"Nada se espalha com maior rapidez do que um boato" (Virgílio)

Kant (Parte 08/08)



— Posso considerar meu dever conseguir dinheiro para os que não têm o que comer ou onde morar.
— Sim, e o importante é que você o faça porque considera isto certo. Mesmo que o dinheiro que você conseguiu ajuntar se perca a caminho e jamais chegue a saciar a fome daqueles a quem se destinava, ainda assim você seguiu a lei moral. A sua atitude estava correta e a atitude correta é para Kant decisiva para que possamos chamar algo de moralmente correto, não as conseqüências da ação. Por isso é que também chamamos a ética de Kant de ética da atitude

— Por que era tão importante para ele saber quando exatamente estamos agindo segundo a lei moral? Não é muito mais importante que o que fazemos sirva às outras pessoas?
— Sim, Kant certamente concordaria com você. Mas só quando nós mesmos sabemos que estamos agindo segundo a lei moral é que agimos em liberdade.
— Só porque obedecemos a uma lei estamos agindo em liberdade? Isto não é um pouco estranho?
— Kant acha que não. Você ainda se lembra de que ele teve de “afirmar” ou “postular” que o homem possui livre-arbítrio. Este é um ponto importante, pois Kant também acredita que tudo segue a lei da causalidade. Nesse caso, como poderíamos ter livre-arbítrio?
— Boa pergunta.
— Aqui Kant divide a humanidade em duas partes, e nesse sentido ele lembra Descartes, para quem o homem era um ser dual composto de um corpo e de uma razão. Para Kant, enquanto seres sensíveis, estamos absolutamente entregues às imutáveis leis da causalidade. Não decidimos o que sentimos: os sentimentos e sensações aparecem forçosamente e nos marcam, queiramos ou não. Mas o homem não é apenas um ser dotado de sentidos. Ele é também um ser dotado de razão.
— Explique.
— Enquanto seres dotados de sentidos pertencemos inteiramente à ordem da natureza; por conseqüência, também estamos sujeitos à lei da causalidade. Desse ponto de vista, não possuímos livre-arbítrio. Como seres dotados de razão, porém, também temos em nós uma parte do mundo “em si”, ou seja, do mundo que existe independentemente de nossos sentidos. Somente quando seguimos nossa “razão prática”, que nos habilita a fazer uma escolha moral, é que possuímos livre-arbítrio. Isto porque ao nos curvarmos à lei moral somos nós mesmos que estamos determinando a lei que vai nos governar.

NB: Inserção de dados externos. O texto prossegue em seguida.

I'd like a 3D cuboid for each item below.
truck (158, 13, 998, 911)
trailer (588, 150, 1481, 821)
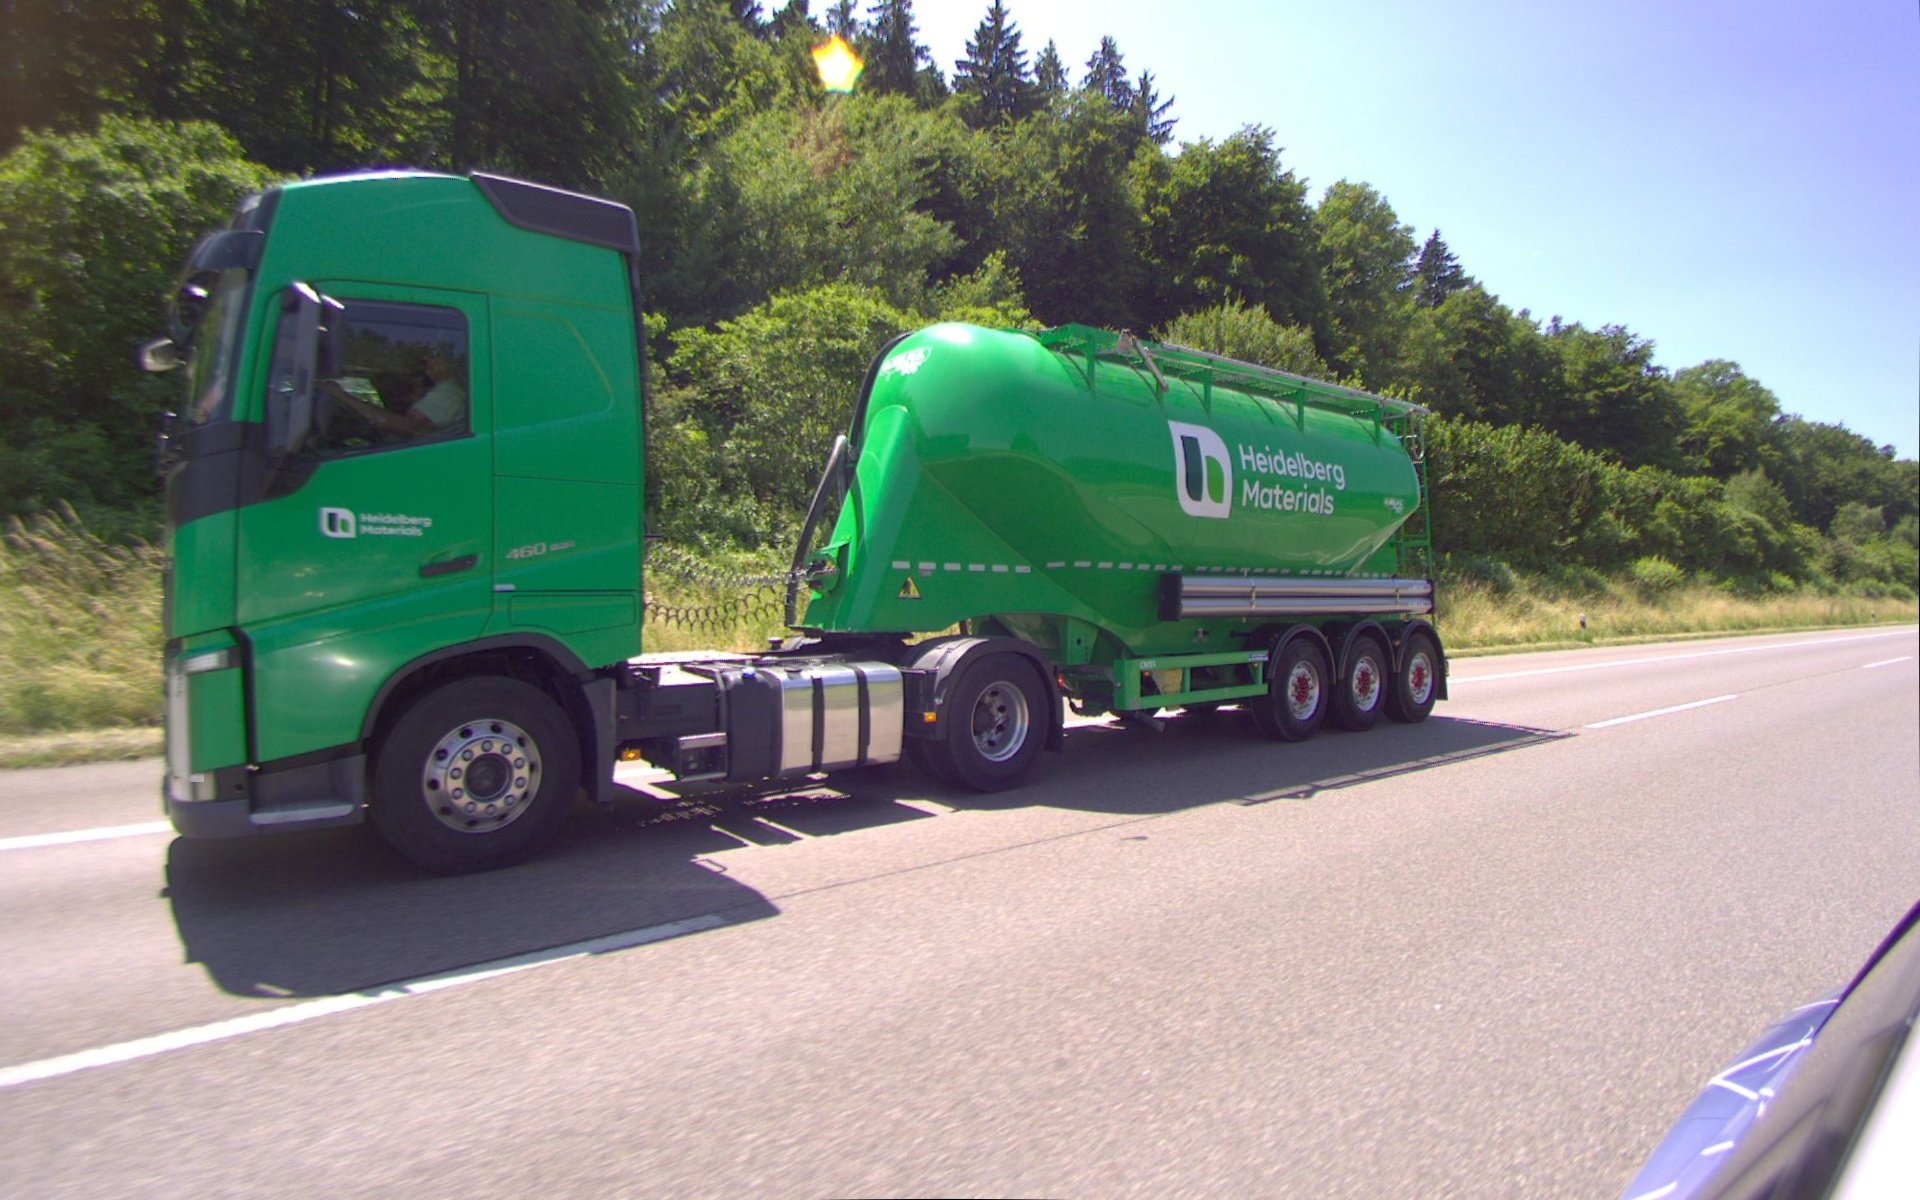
[{"bbox_3d":[-2.345,-0.599,6.920,4.806,3.891,2.514,1,-1,-41],"label":"truck"},{"bbox_3d":[1.781,-0.679,10.445,10.282,4.079,2.592,0,-1,-40],"label":"trailer"}]

— Sim, de certa forma isto está certo. Afinal, sou eu, ou alguma coisa em mim, quem diz que não devo maltratar os outros.
— Quando você mesma decide não maltratar mais os outros, ainda que isto venha a ferir os seus próprios interesses, nesse momento você está agindo em liberdade.

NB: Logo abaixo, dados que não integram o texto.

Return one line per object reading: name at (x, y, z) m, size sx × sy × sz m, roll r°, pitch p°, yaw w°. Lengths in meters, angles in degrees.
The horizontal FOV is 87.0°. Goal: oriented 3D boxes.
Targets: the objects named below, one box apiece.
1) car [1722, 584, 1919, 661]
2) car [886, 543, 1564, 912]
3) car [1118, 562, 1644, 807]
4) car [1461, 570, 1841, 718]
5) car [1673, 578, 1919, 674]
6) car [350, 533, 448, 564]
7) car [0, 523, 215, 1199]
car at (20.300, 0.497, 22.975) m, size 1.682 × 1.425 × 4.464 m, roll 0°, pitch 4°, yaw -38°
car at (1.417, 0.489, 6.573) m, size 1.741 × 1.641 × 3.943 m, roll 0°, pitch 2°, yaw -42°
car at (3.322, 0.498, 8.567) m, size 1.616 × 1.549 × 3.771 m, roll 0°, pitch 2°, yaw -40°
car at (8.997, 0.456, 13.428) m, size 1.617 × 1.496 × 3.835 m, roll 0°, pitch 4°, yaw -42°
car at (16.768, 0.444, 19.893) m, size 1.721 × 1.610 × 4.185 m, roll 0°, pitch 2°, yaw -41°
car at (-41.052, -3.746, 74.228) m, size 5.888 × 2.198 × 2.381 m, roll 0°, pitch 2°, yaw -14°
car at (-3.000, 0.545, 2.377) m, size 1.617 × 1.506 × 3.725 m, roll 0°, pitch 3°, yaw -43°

— De qualquer forma, ninguém é particularmente livre e independente quando segue apenas os seus desejos.
— A gente pode se escravizar a toda a sorte de coisas. Podemos nos tornar escravos do nosso próprio egoísmo, por exemplo. Ir além de seus próprios desejos e vícios é uma coisa que requer exatamente autonomia e liberdade.

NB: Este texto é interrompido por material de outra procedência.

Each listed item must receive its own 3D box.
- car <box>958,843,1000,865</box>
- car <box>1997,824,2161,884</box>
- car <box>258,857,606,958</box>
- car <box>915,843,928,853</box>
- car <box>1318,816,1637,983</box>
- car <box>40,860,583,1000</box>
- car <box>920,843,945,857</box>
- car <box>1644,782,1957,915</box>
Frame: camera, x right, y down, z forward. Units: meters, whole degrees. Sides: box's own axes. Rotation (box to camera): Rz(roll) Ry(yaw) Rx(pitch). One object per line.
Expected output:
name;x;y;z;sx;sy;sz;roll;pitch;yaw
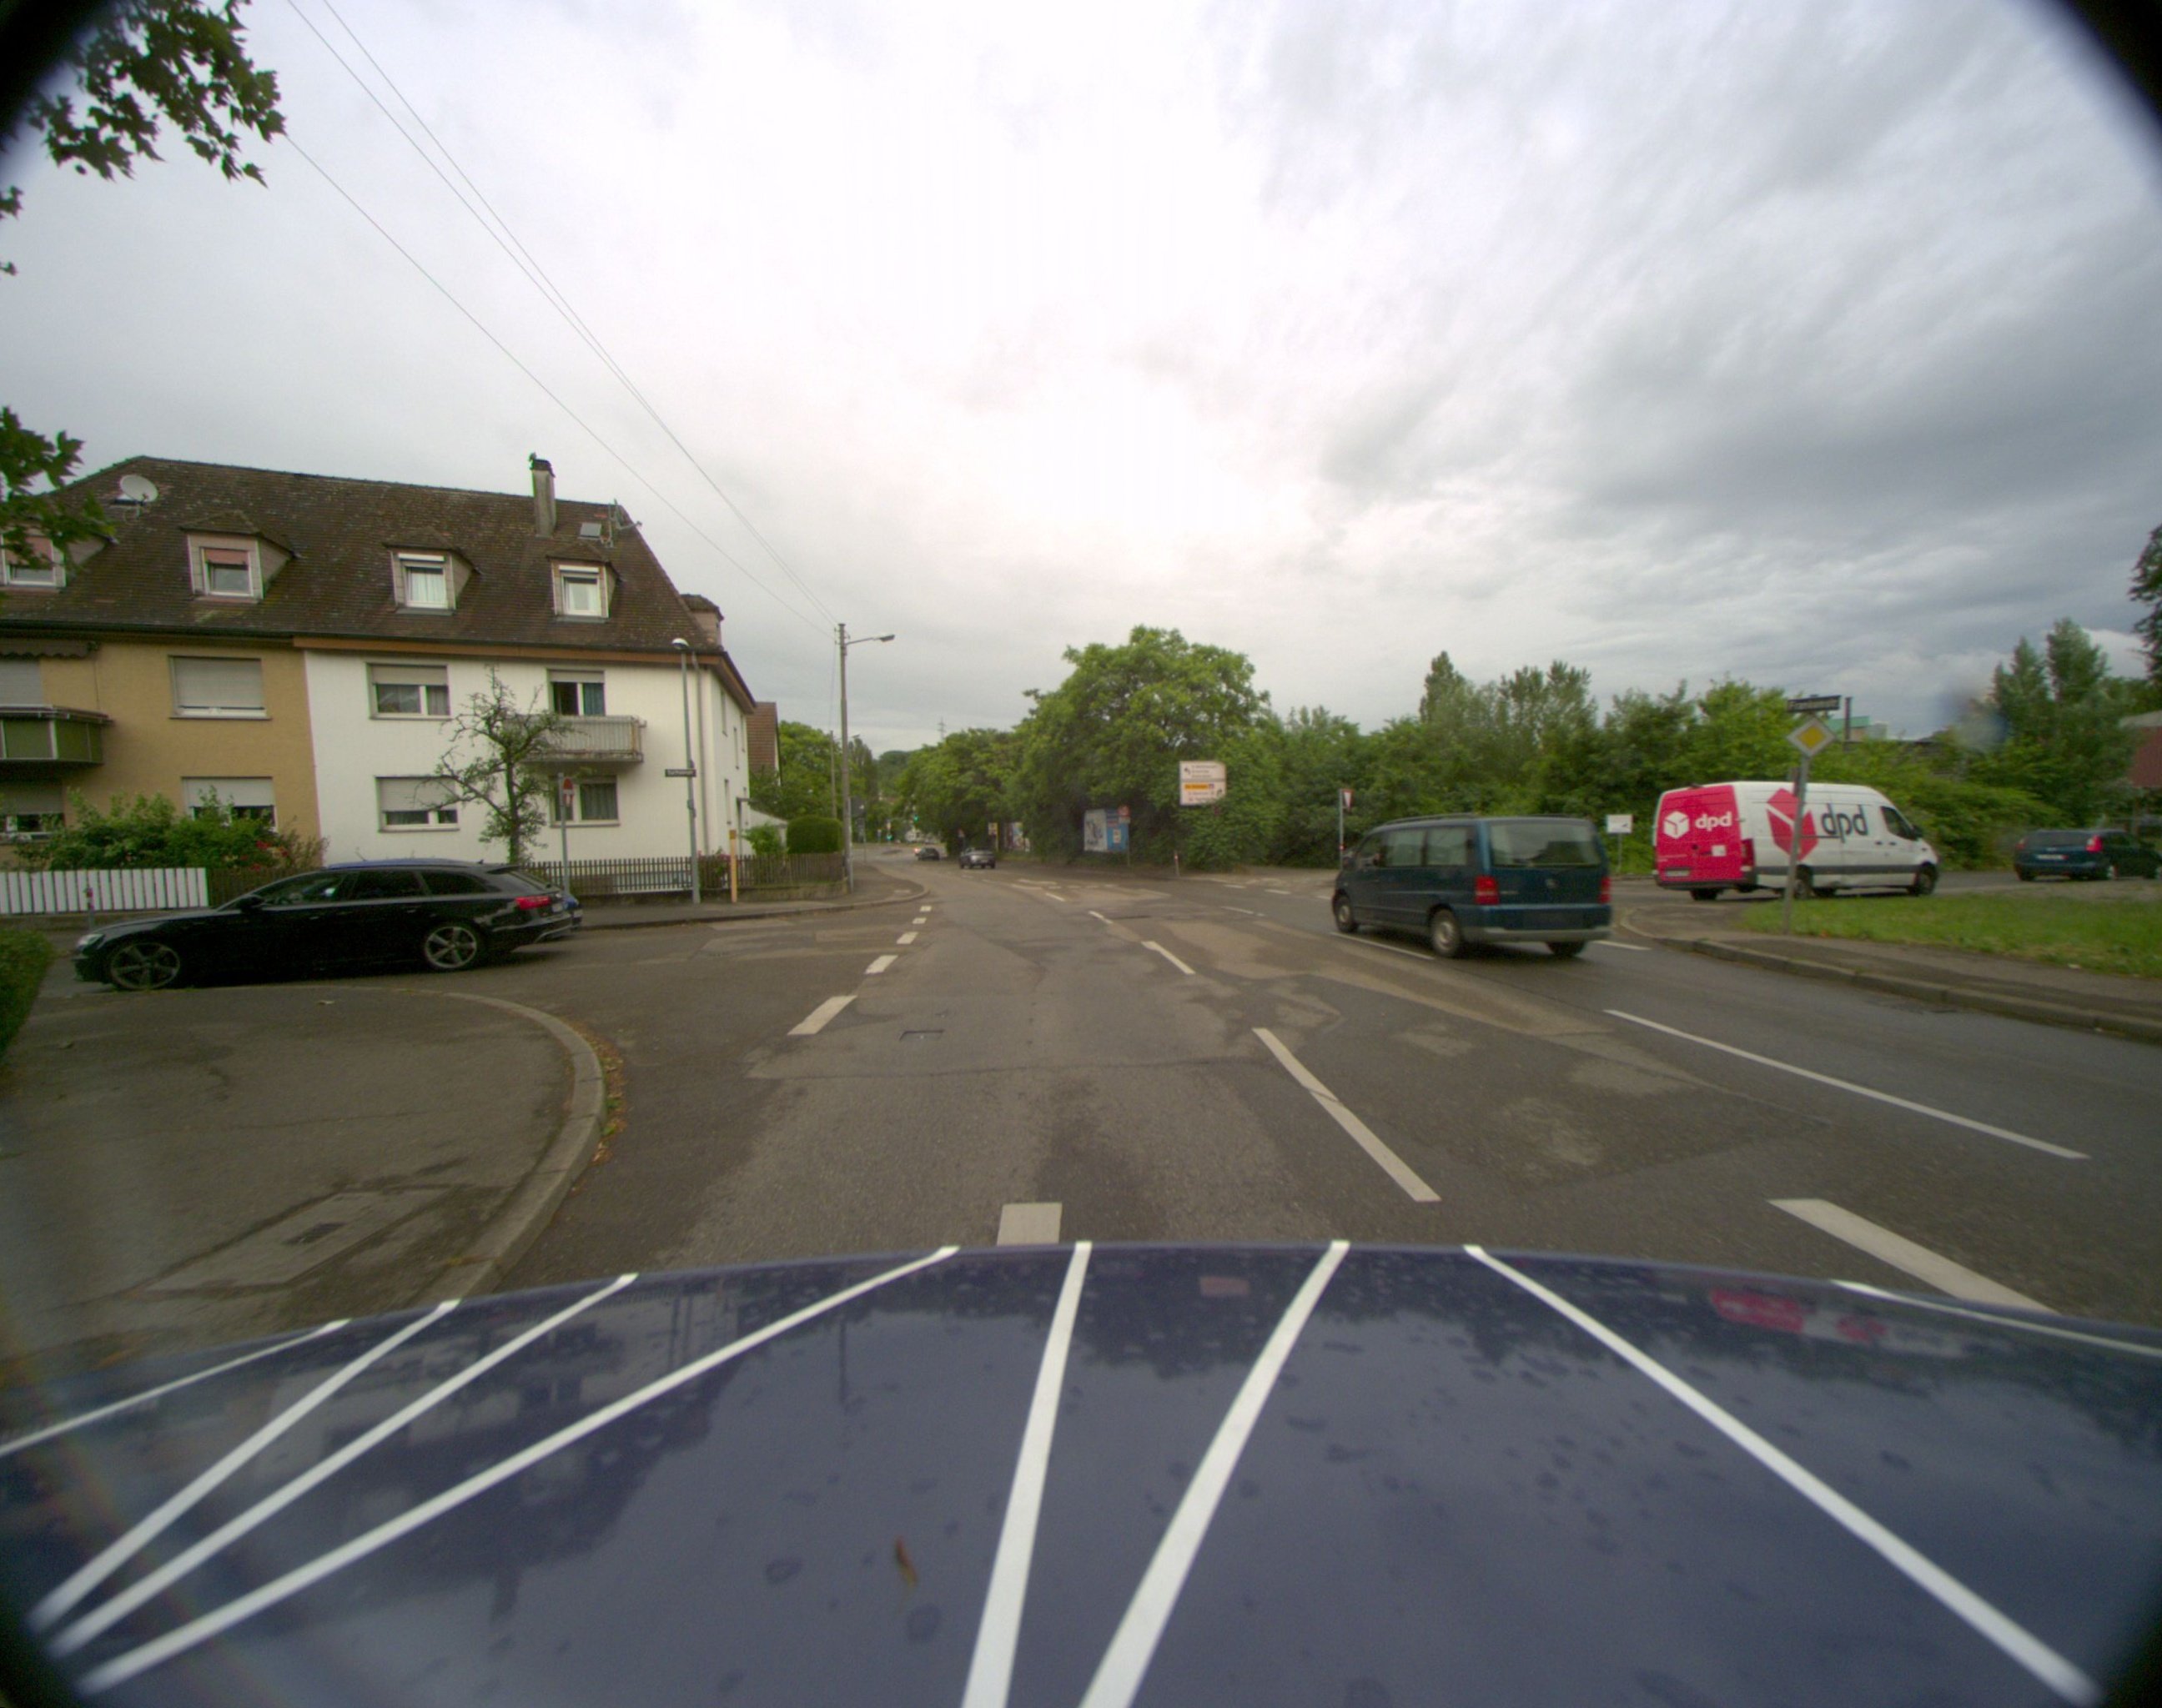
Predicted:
car;-7.152;-0.005;53.037;1.903;1.453;3.992;-1;1;-22
car;30.536;-0.043;23.204;4.256;1.620;1.996;-2;2;-21
car;-10.898;0.831;13.158;4.129;1.472;1.883;-1;1;-16
car;-25.446;-0.933;121.116;1.674;1.460;3.776;-1;1;-8
car;5.433;0.492;11.298;1.963;1.920;4.680;-1;1;-5
car;-9.876;0.871;10.401;4.823;1.472;1.882;-1;1;-23
car;-16.884;-0.508;86.026;2.002;1.435;4.765;1;1;-21
car;16.462;-0.229;17.392;6.828;2.640;2.259;-2;2;-19

— E quanto aos animais? Eles só seguem a sua vontade e a sua necessidade. Isto significa que eles não têm a liberdade de seguir uma lei moral?
— Isso mesmo. E é exatamente esta liberdade que faz de nós seres humanos.
— Agora entendi.
— Para concluir, podemos dizer que Kant conseguiu encontrar uma saída para o impasse a que a filosofia tinha chegado através da briga entre racionalistas e empíricos. Com Kant termina, assim, toda uma épica da história da filosofia. Ele morreu em 1804, no início da época que chamamos de Romantismo. A lápide de seu túmulo em Königsberg traz inscrita uma de suas citações mais conhecidas: “Duas coisas me enchem a alma de crescente admiração e respeito, quanto mais intensa e freqüentemente o pensamento delas se ocupa: o céu estrelado sobre mim e a lei moral dentro de mim”. Aí estão os grandes enigmas que o moveram e à sua filosofia.